# Sauger bite awesome at the Ohio 11/5



## fishymcgoo (Jul 20, 2005)

Fished for about 30 min. till the storm blew in. There was some huge hail falling. Caught a sauger about every cast anywhere from 10 inches up to a couple real nice 20 inch fish. I took my 5 yaer old who gets bored real fast so he had a blast. The coves seem to be hot Some people stop fishing this time of year but there is a lot of fish still to be caught. Good luck!


----------



## Tall cool one (Jul 13, 2006)

What were you getting them on? Me and corocodile went to day and got only one dink,TC1


----------



## Juan More Fish (Apr 1, 2007)

where were you fishing?


----------



## fishymcgoo (Jul 20, 2005)

My exact spot I wont disclose But I was at the ohio river.
find a cove and give it a try!


----------



## GotStripes (Dec 10, 2006)

I was un-aware there were " coves " on the river. I assume you mean creek mouths with no water actually running out of said creeks.


----------



## fishymcgoo (Jul 20, 2005)

let me rephrase: a creek that runs into the river but between the creek and the river there is a still pool of water. i call that a cove. i have been on the ohio many times and when we wanted to fish a cove these were the types of areas we went. it is ashame that people want to correct others on something as trivial as this. i think everyone got my point on where to fish. anyway to quote THE OMNIPITENT STRIPES "creek mouths with no water actually running out of said creeks". there was water running out of this creek. and stripes you might have to look in the dictionary to find out what omnipitent means so i will help you out. it means you know everything, which you don't so in the future please don't correct me on something petty. the more i think about it i really dont like you already so just dont correct me at all.


----------



## creekwalker (May 23, 2004)

Sheesh, I thought GotStripes was just trying to clarify. I had no idea what you meant by coves, so the clarification certainly helped me out. It didn't seem to be intended to be a derogatory comment in any way. 

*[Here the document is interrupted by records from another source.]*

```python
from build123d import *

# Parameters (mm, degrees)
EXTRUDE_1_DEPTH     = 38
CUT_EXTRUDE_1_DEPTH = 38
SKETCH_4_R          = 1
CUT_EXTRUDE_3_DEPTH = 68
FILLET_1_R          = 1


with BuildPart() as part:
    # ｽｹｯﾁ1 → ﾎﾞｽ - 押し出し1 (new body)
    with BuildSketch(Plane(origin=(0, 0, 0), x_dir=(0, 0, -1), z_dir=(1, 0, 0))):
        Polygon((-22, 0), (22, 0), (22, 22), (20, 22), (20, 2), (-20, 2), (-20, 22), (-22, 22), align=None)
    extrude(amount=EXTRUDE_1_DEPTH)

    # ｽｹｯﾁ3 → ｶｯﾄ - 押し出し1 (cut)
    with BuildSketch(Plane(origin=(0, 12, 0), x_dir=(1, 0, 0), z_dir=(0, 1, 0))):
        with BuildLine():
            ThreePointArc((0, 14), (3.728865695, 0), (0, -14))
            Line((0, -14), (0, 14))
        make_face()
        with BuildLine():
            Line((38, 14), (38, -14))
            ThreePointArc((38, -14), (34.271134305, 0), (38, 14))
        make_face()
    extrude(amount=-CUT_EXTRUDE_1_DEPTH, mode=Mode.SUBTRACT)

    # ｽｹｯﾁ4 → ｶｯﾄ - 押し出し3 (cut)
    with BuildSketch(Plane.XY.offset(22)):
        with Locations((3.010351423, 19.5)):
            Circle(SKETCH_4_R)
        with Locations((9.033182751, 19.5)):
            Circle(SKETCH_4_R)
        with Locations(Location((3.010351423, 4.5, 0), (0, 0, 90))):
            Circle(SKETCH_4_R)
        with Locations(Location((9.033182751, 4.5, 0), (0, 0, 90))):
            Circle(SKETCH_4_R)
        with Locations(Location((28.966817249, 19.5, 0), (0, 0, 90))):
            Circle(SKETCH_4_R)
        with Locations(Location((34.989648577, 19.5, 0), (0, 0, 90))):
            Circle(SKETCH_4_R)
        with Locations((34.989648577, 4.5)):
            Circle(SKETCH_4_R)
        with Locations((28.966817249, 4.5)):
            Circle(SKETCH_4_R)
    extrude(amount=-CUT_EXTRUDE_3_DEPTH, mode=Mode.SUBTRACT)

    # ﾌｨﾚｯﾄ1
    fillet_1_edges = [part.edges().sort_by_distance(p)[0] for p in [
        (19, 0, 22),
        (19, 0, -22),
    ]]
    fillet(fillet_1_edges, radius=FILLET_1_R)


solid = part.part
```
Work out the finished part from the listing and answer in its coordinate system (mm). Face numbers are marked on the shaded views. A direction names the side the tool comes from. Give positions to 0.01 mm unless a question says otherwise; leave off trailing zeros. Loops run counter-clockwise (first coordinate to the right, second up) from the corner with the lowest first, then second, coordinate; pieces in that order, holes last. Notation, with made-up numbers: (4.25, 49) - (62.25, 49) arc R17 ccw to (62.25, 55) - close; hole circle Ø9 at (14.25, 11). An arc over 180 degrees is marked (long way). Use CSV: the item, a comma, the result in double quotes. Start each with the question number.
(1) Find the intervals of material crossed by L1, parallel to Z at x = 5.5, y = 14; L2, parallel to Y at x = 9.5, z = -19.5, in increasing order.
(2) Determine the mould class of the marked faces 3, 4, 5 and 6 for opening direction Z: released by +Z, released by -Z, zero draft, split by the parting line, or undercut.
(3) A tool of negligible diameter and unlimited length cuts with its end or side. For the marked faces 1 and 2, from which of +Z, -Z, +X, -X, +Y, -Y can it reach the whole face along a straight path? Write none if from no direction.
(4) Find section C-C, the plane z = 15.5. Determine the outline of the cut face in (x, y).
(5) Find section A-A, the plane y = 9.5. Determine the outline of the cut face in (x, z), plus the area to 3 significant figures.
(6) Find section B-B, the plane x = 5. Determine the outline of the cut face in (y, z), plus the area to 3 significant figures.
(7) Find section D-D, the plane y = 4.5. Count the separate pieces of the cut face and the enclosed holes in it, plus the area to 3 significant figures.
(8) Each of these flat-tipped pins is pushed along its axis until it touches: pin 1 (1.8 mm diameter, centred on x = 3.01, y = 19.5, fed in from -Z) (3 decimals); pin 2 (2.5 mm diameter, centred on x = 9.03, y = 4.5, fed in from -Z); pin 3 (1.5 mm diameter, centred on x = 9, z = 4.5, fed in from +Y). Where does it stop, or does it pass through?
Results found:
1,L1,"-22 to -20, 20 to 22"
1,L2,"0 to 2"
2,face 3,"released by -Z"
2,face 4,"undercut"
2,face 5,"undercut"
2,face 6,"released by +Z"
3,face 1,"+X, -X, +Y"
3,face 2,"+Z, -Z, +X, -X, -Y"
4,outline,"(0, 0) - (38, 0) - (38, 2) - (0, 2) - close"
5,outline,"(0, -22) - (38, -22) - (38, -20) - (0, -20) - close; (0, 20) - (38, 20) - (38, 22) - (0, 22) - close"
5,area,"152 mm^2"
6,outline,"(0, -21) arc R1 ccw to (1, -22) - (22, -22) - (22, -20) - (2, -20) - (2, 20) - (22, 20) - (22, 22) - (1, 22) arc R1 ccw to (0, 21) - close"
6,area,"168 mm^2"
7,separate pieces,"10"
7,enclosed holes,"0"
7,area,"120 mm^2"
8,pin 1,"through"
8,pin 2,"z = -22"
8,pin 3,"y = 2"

FishyMcgoo, I completely understand why you don't want to disclose your spot, I wouldn't either. Maybe just a description would be helpful. Ohio trib mouths, with little current, about 10 feet of water, catching them on orange jig head and minnow, mostly in the back side eddy, current water temp 50 degrees.....this helps me tremendously and you could be fishing the big O near Pittsburgh for all I know.

I posted a report template that I programmed into my browser that I typically use. It contains all the relevant information that I keep in my personal log, for example:


Date: 11/11/2007
Time: Morning
Surface Temp: 50 degree
Water Clarity: Stained
Weather: Cloudy	
Target species: Sauger
From: Boat	
Baits: Jig and minnow 
Depth: 10-14' 
Fish Count: 15
Species Caught: Sauger, walleye
Notes: Any additional information, like above text.



CW


----------



## LittleMiamiJeff (Oct 1, 2005)

You'll have to excuse Got Stripes, he went to school at Whasamatta U.
FishyMcGoo, you seem to get yourself into excretement now and then, wha's up? 
I like to think fish travel in herds myself, so what SCHOOL do you think I attended?
LMJ
Hey Terry!  
LMJ


----------



## NKUSigEp (Jun 21, 2007)

What size jigheads y'all using?


----------



## GotStripes (Dec 10, 2006)

Thank you Creekwalker, I was really just trying to clarify for the others that are not " all - knowing " as to what type of fishing areas you were talking about. I don't think that my fishing knowledge was ever in question considering the numerous people i have helped and educated on fishing the river. Even Jeff has used some of my " poo " to good use I'm sure. Like me or not, I don't mind, and if aggresive behavior on the internet is your defense mechanism for your fishing insecurities than whatever man. Otherwise, congrats on your outstanding cove fishing experience.. wish I was there


----------



## boonecreek (Dec 28, 2006)

maybe it was a bay!


----------



## GotStripes (Dec 10, 2006)

could you clarify "bay" so people know what you mean?


----------



## fishymcgoo (Jul 20, 2005)

wow. i really didnt think this thread would still be goin on. i apologize to anyone i offended. maybe it is time to move on. i will be sure to use all proper terms from now on. please correct any typo's as well.


----------



## LittleMiamiJeff (Oct 1, 2005)

Fisharder, after reading your post above, I agree, I missed that, I'll stop too.
LMJ


----------



## fisharder (Mar 18, 2005)

I think what fishymcgoo ment when he said move on was he wanted this string nuked and I think it would be wise because it not about fishing anymore.


----------



## fishymcgoo (Jul 20, 2005)

thanks fellas. i have got a lot of great tips on this site and enjoy it! i dont mind sharin some of my own. so peace treaty accepted:B


----------